Le brosse-langue TongueCare+ est utilisé simultanément avec le spray lingual antibactérien BreathRx (Philips), qui contient des agents bactéricides tels que le chlorure de cétylpyridinium (CPC) et le zinc. Le premier essai clinique de preuve de concept mené sur cette technologie a démontré une réduction significative du score organoleptique et de la densité bactérienne linguale après une seule utilisation du brosse-langue TongueCare+ associé au spray BreathRx, mesurable jusqu’à 6 heures après le brossage (Figs. 4a & b).

Le traitement combiné diminue l’halitose beaucoup plus que ne le permettent TongueCare+ et BreathRx lorsqu’ils sont utilisés seuls. Ce résultat conforte l’idée de l’efficacité probablement plus élevée de cette approche combinée.Il s’est également avéré que TongueCare+ réduit considérablement la densité bactérienne linguale, dont le niveau est maintenu bas pendant au moins 6 heures. Ceci indique que cette approche combinée permet de s’attaquer à la cause première de l’halitose et offre donc un choix de traitement plus efficace et plus durable aux personnes souffrant d’une mauvaise haleine.

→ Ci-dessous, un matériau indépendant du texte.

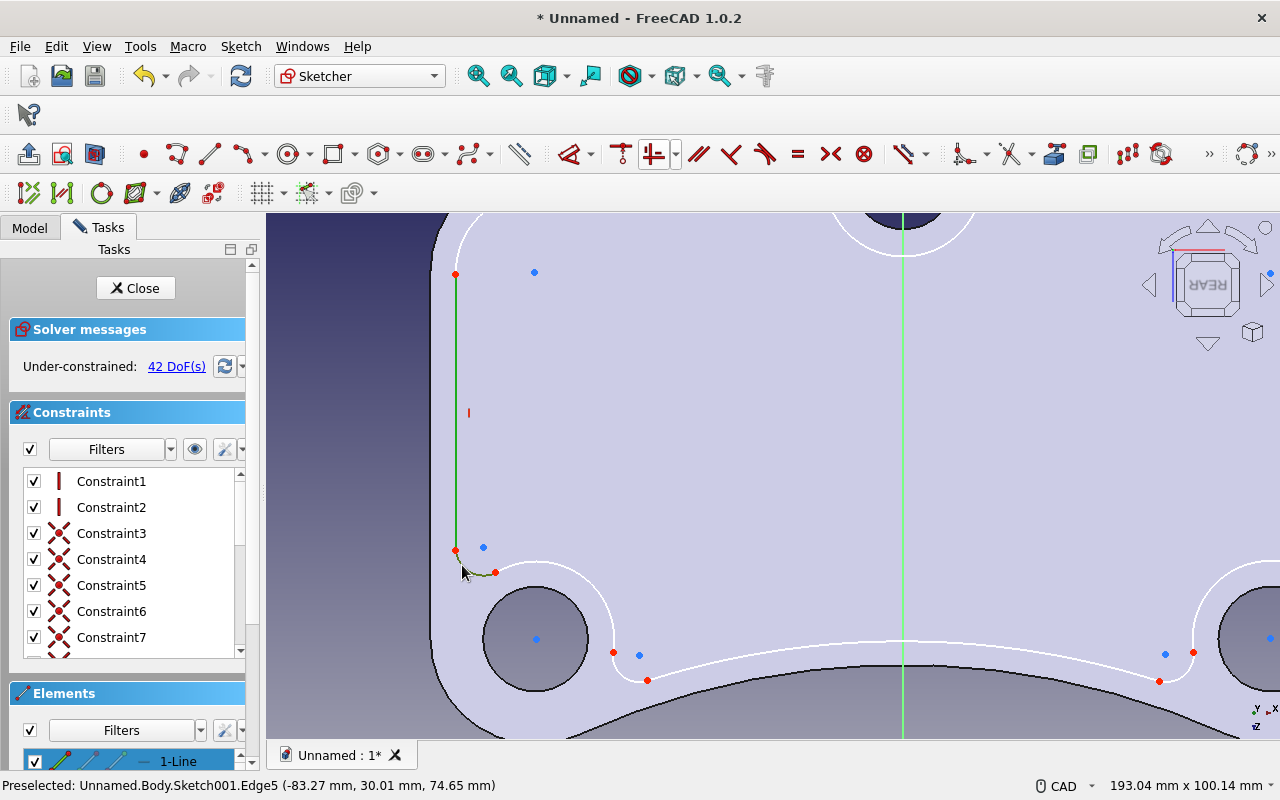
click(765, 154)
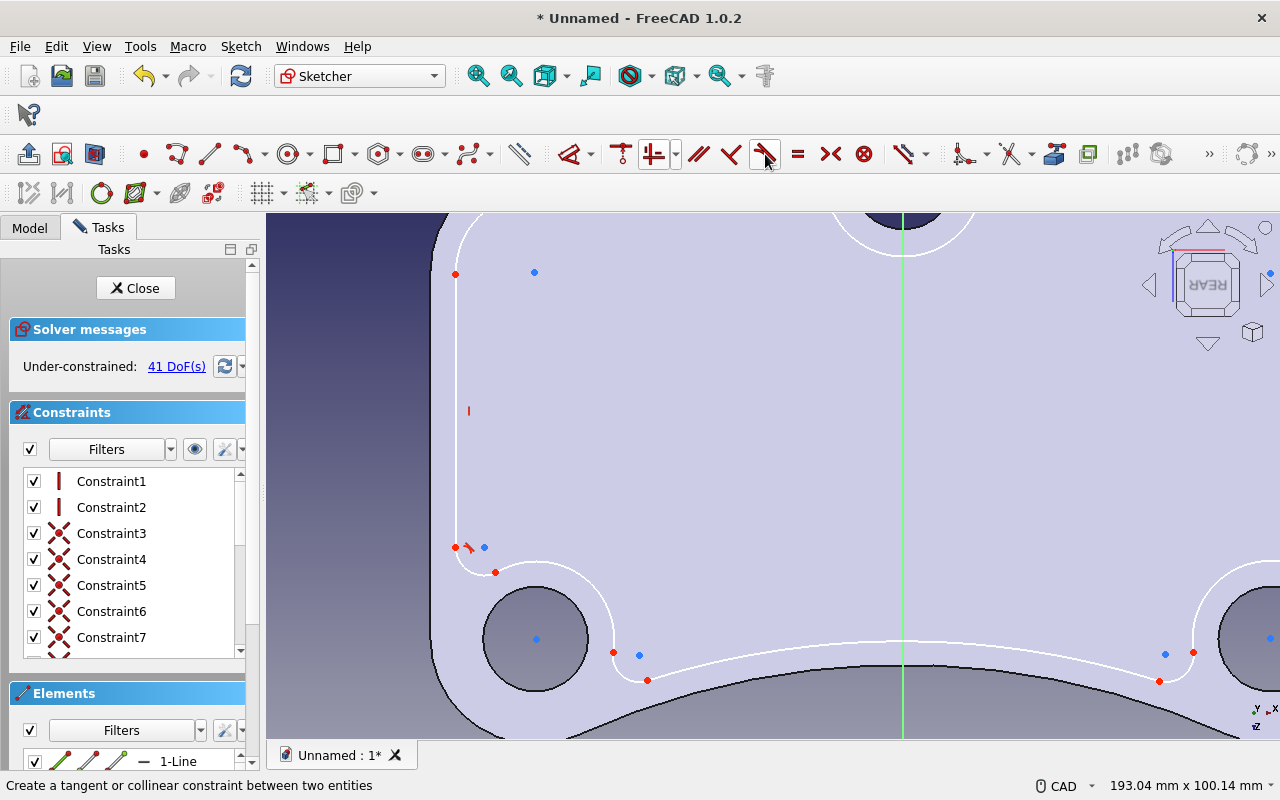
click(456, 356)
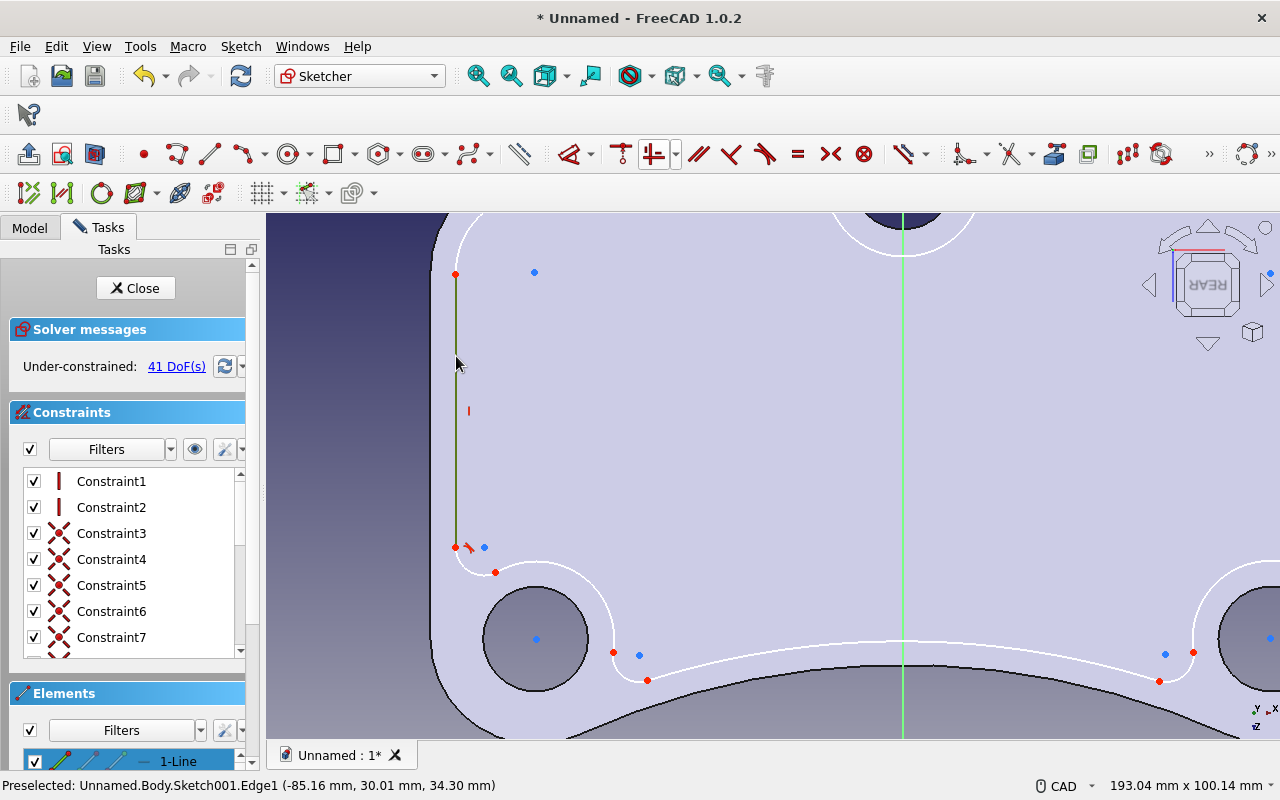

Les possibles incidences sur la santé buccodentaire

Globalement, il est essentiel d’intégrer un nettoyage de la langue dans les habitudes d’hygiène buccodentaire pour conserver une haleine fraîche toute la journée. Il a en outre été avancé que la langue peut faire office de réservoir de pathogènes parodontaux pour l’ensemble de la cavité orale.24, 25 Et ces pathogènes sont susceptibles de coloniser d’autres surfaces et d’avoir une incidence sur la santé buccodentaire générale.

Plusieurs études ont également montré que les CSV, tels que le sulfure d’hydrogène et le méthylmercaptan, aussi connu sous le nom de méthanethiol, sont toxiques pour le tissu parodontal, même à des concentrations très faibles. On a donc avancé l’hypothèse que ces substances peuvent contribuer à la progression de maladies parodontales.26

Pour cette raison, l’habitude d’un bon nettoyage de la langue pourrait être d’une importance primordiale.

Note de la rédaction : Article paru dans le Dental Tribune France 2017/2 disponible dans les pages e-paper. Une liste des références est disponible auprès de l’éditeur.
Conflit d’intérêts : Le Dr Paola Gomez-Pereira occupe un poste de scientifique senior chez Philips à Cambridge, Royaume-Uni.